What it takes to actually act on a prediction
A risk score that nobody acts on is worse than no score, because it spends trust. If we're going to put these models in front of clinicians, the harder work is downstream of the math.
First, the prediction has to land in the workflow, not in a dashboard someone visits on a good day. A pneumonitis risk flag belongs on the treatment plan and the triage protocol; it should change what the nurse does when the patient calls, automatically. If acting on it requires remembering to go look, it won't get acted on.
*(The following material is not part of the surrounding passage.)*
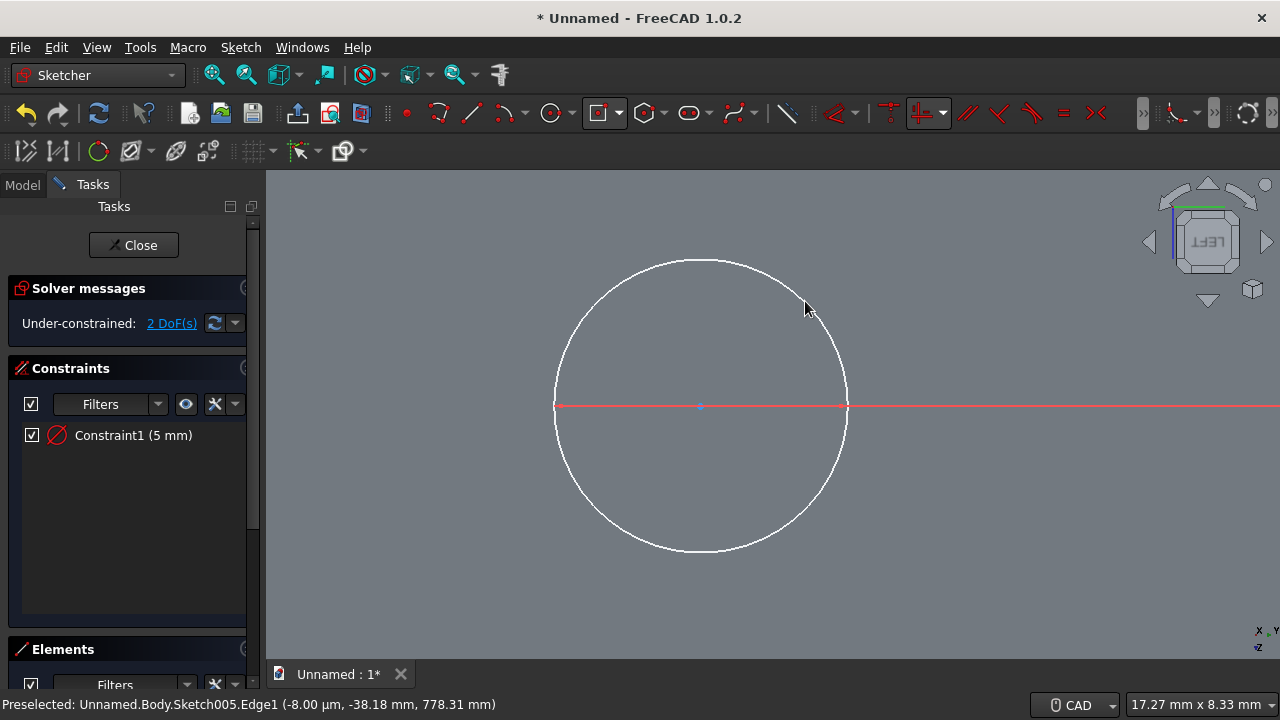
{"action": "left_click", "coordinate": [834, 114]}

Second, you have to decide what the action is, per toxicity, in advance. "High risk" is not a plan. Earlier imaging? A lower threshold for holding the next cycle? A scheduled check-in at the window when that toxicity typically emerges? Tighter lab cadence for the hepatitis-flagged patient? The model buys you lead time; the protocol decides what to do with it. Without the protocol, a flag is just anxiety.
Third, and this is the part payers and health-system leaders should care about: you have to measure the model in your population before you trust it, and keep measuring after you deploy. We externally validated these models on pan-cancer cohorts for a reason. A model tuned on one institution's mix of cancers, drugs, and documentation habits can quietly fail somewhere else. Calibration drifts. Practice changes. The governance question isn't "is the model accurate" once; it's "how will we know when it stops being accurate here." That's not a reason to wait. It's the operating discipline that makes deploying responsible.
Where this goes
The near-term win is not autonomous at all. It's a quieter shift in standard of care: risk-stratified monitoring for everyone starting a checkpoint inhibitor, drawn from data we already collect and pay to store. The patient flagged as high-risk for pneumonitis gets close watch. The one flagged as low risk across the board gets a lighter touch and fewer false alarms, which is its own clinical and financial good. We move from catching immune-related toxicity after it announces itself to anticipating it, and we do it without ordering a single new test.
For oncologists, that means the toxicity conversation at the start of therapy gets specific instead of generic. For informaticists, it means the work is mostly plumbing and labels, not model architecture. For payers, it means a concrete place where prediction reduces avoidable admissions and steroid courses rather than just generating alerts. The science to do this is largely done and published. What's left is the unglamorous part: wiring it into the day, agreeing on the action, and watching the model the way we'd watch any new diagnostic. That's the work worth doing, because the signal was never the thing we were missing. The willingness to read it was.